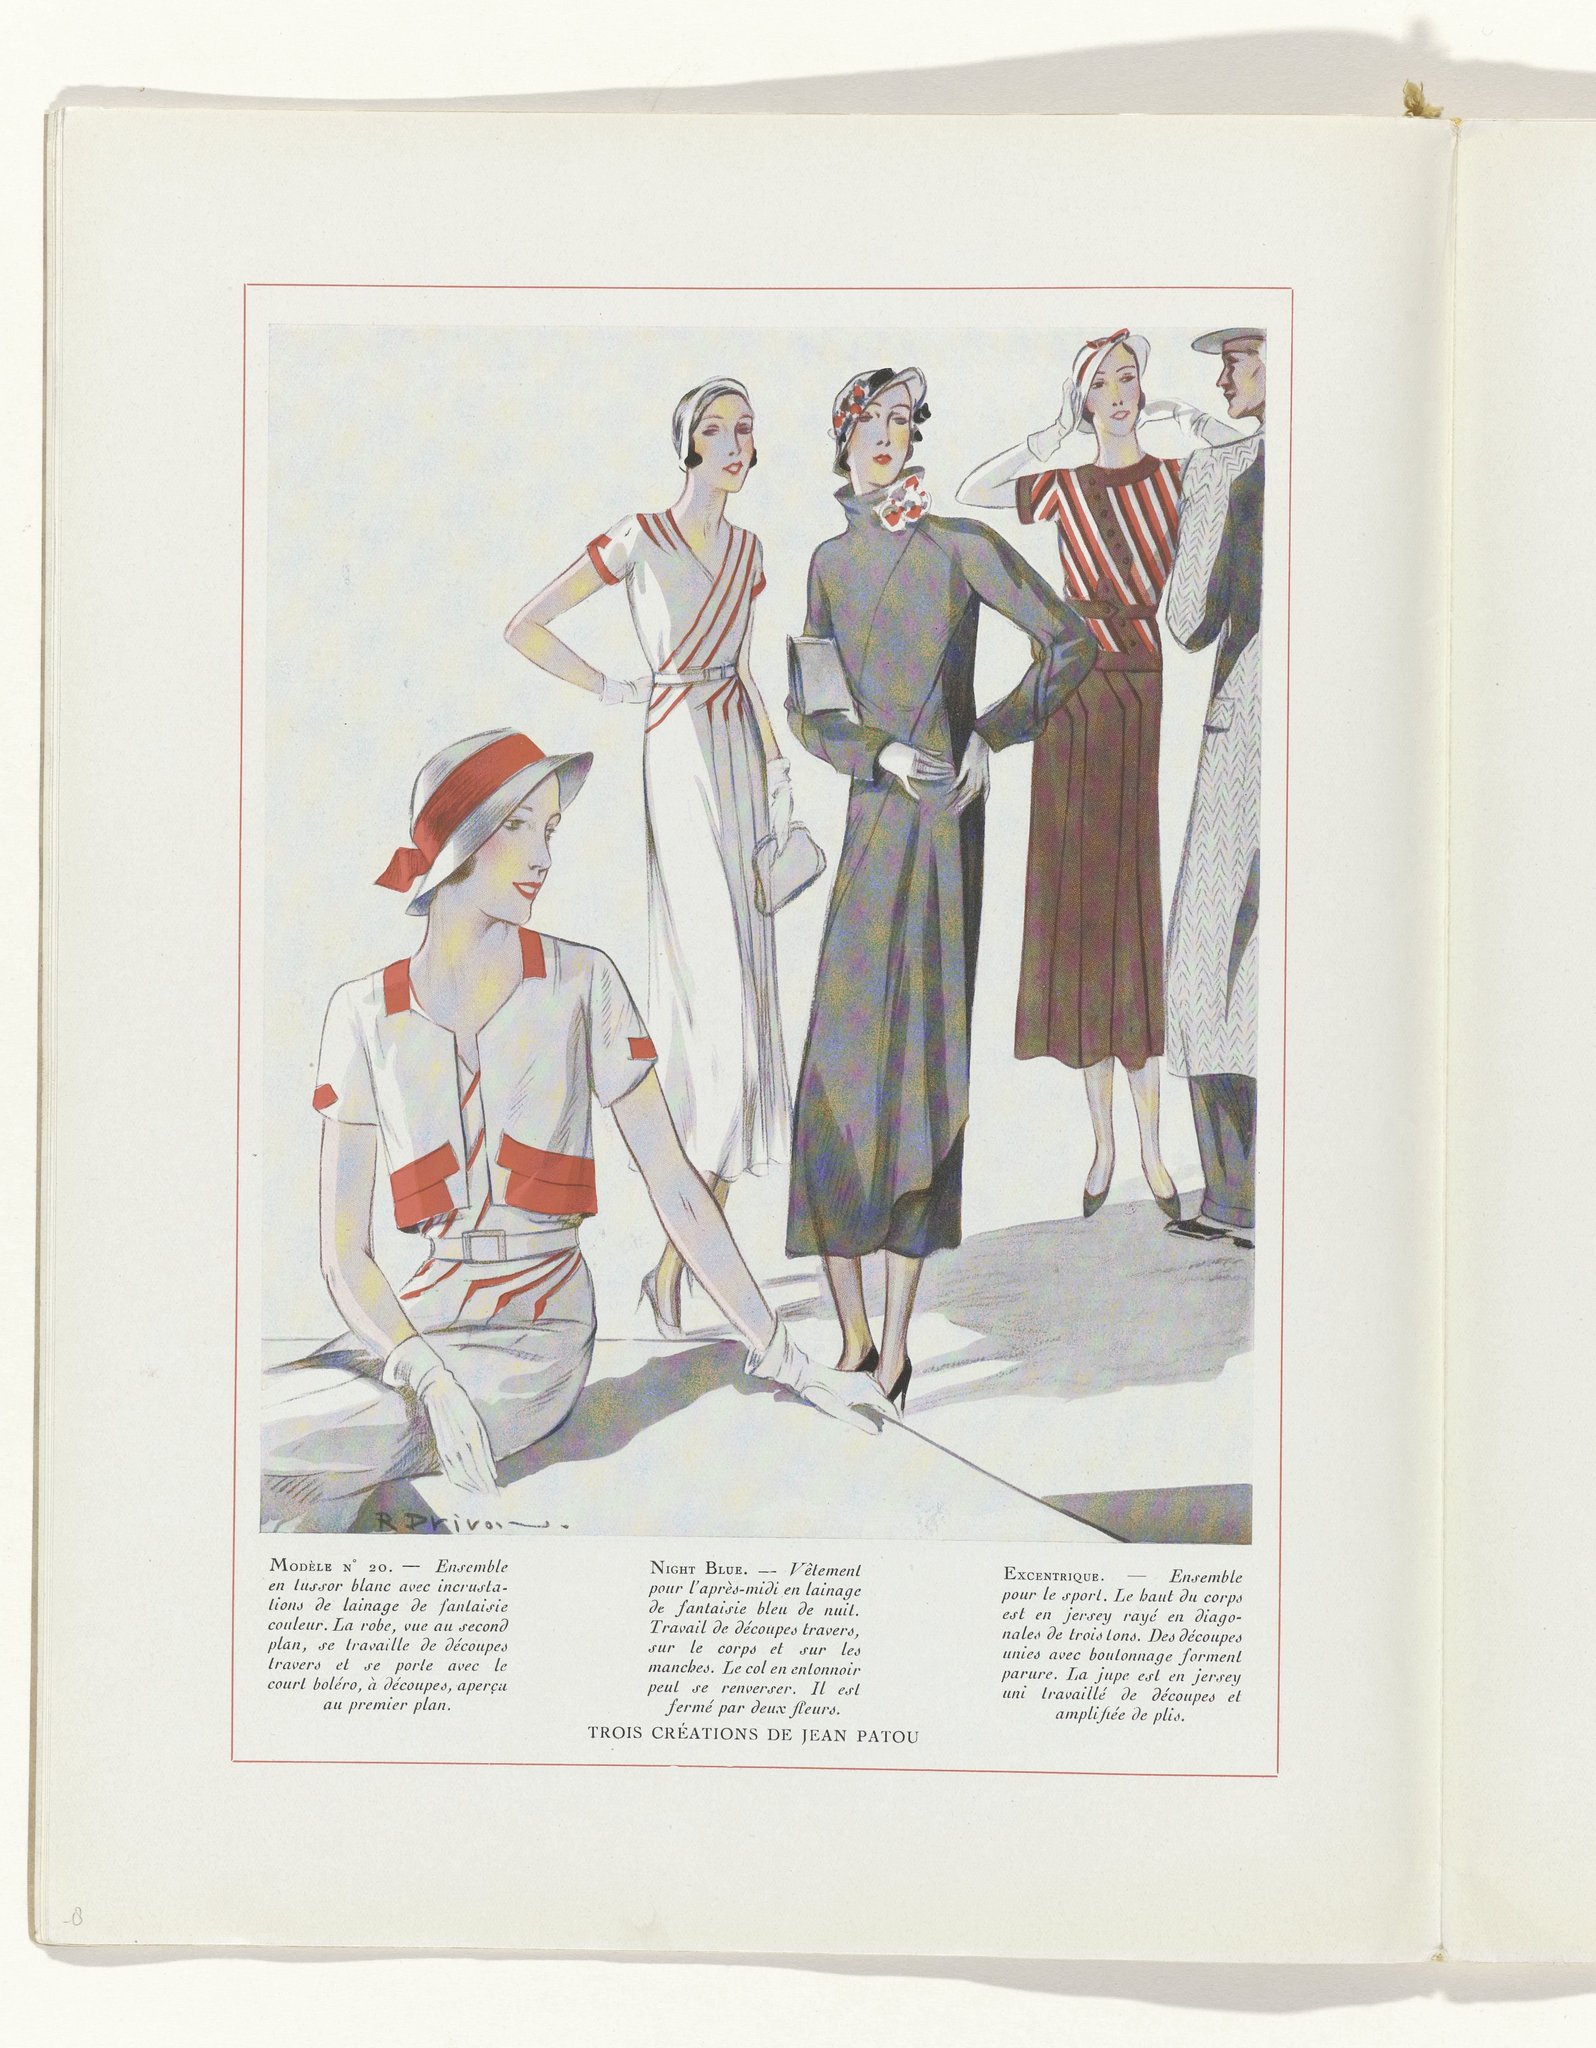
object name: fashion print
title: Art - Goût - Beauté, Feuillets de l' élégance féminine, Juin 1932, No. 142, 12e Année, p. 8
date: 1932
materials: paper
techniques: printing, photography
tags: clothing for the upper part of the body (+ women's clothes), gloves, mittens (short gloves) (+ women's clothes), clothing for the upper part of the body (bolero) (+ women's clothes), fashion plates, head-gear: hat (+ women's clothes), skirt (+ women's clothes), dress, gown (+ women's clothes)
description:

WORK ORDER:
Although the records contain pictures, return only their text, exactly as written.

THE ANSWER:
object name: fashion print
title: Art - Goût - Beauté, Feuillets de l' élégance féminine, Juin 1932, No. 142, 12e Année, p. 8
date: 1932
materials: paper
techniques: printing, photography
tags: clothing for the upper part of the body (+ women's clothes), gloves, mittens (short gloves) (+ women's clothes), clothing for the upper part of the body (bolero) (+ women's clothes), fashion plates, head-gear: hat (+ women's clothes), skirt (+ women's clothes), dress, gown (+ women's clothes)
description:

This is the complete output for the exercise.